Investors obviously believe Groupon (NASDAQ:GRPN) is facing some serious risks as a company, with the stock pummeled. But what are these risks, and can the company overcome them?
To help answer this question, check out our new premium report on Groupon. For a taste of what is offered in the report, following is an excerpt describing Groupon's risks.
In its quest for subscribers, Groupon overlooked a few things, like proper accounting. First, in its initial public offering registration statement, Groupon used its own metric for calculating operating income that didn't include its marketing costs. With this accounting scheme, it made $82 million in the first quarter of 2011, but with the traditionally accepted GAAP accounting, the company lost $117 million that quarter. After criticism, the company dropped this special accounting standard, but that wasn't the end of its accounting trouble.
Early in 2012, Groupon's auditors said the company had "material weakness in its internal controls," and had to restate fourth-quarter income from a loss of $42 million to a loss of $65 million.
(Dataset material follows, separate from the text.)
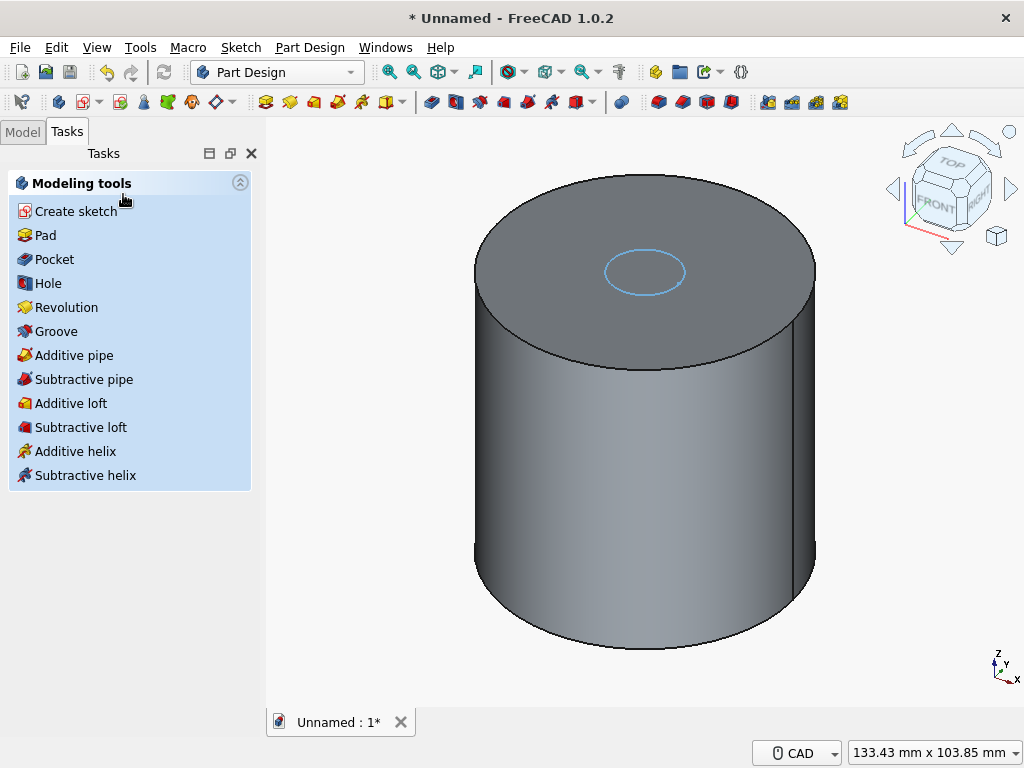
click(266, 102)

This happened because Groupon failed to set aside enough money for returns and refunds, and thus overstated its revenue.
Groupon has since dedicated itself to fixing its accounting missteps, and brought on two financially adept board members: the CFO of American Express and a retired Deloitte consultant. It also hired a new chief accounting officer. But, even in its second-quarter earnings, accounting concerns persisted. A new issue emerged regarding how Groupon records the total amount a customer pays for Groupon Goods, instead of just Groupon's share. Groupon's CFO says the reason for this is to conceal business costs from competitors, but if only Groupon's revenue share were counted, revenue growth would have been 30% compared to the 45% reported.
Beyond accounting issues, the lack of repeat merchants and customers might hamper growth. One study claims that 40% of merchants wouldn't repeat a deal with Groupon, another states that no new customers are brought in because of Groupon, and others claim that using discounting services like Groupon cheapens a brand. On Groupon's side, other studies have shown that 91% of businesses do receive new customers, and nine out of ten of the customers spend more than the Groupon value.
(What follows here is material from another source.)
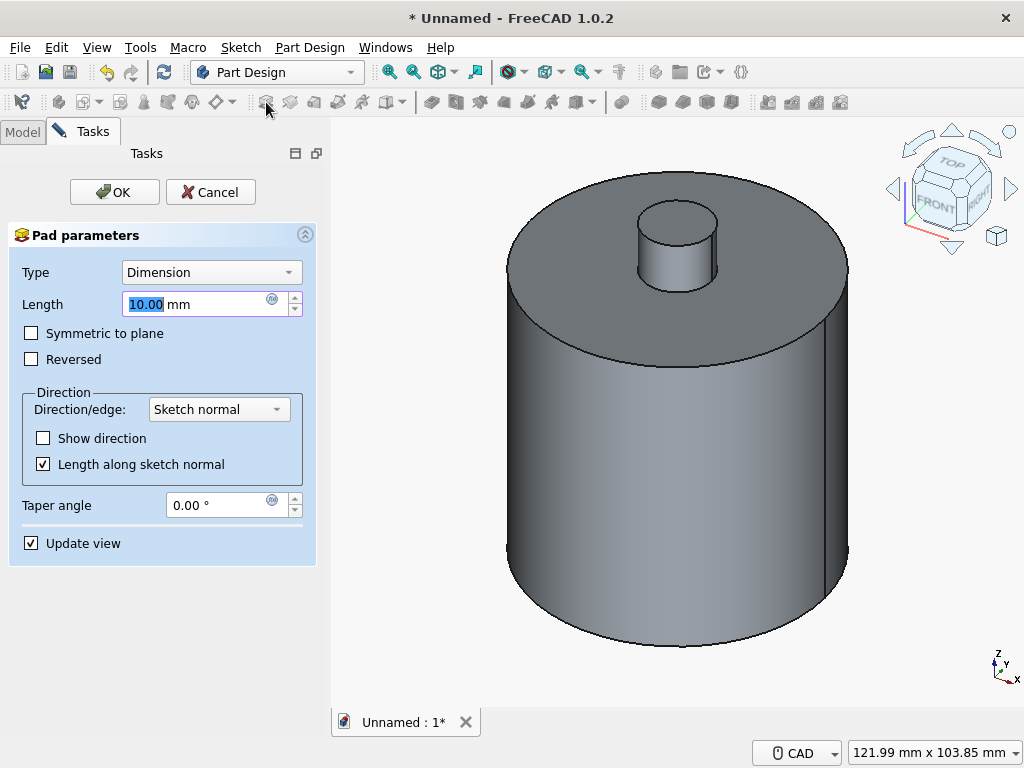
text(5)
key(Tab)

On the customer side, about 38 million of its roughly 150 million subscribers have purchased a product or service in the last twelve months, compared to 23 million for the year prior. However, average revenue per active subscriber has fallen 10%, from $74 to $67. As Groupon ramps down marketing expenses now that it has a customer base, it has to prove it can keep customers engaged even without constantly paying to remind them through advertising.
Past merchant experiences also haven't been kind to Groupon's reputation. There have been highly publicized disasters, like the small British cupcake bakery that had to make over 100,000 cupcakes at a loss to satisfy Groupon orders. Now, Groupon works closely to develop details of a deal and teach merchants how to handle an influx of customers. It also staggers expiration dates of deals, to avoid a flood of customers. But, if these types of stories persist, merchants could hesitate to do business with Groupon, even if it offers plenty of solutions outside of deals.
More in-depth analysis available
That was a sample of from our new premium report on Groupon. The collapsed stock may offer a great buy-in opportunity, or it may be a signal to get out and stay away, and our report will help you make that decision, complete with free updates on Groupon news and analysis. For your copy, click here now.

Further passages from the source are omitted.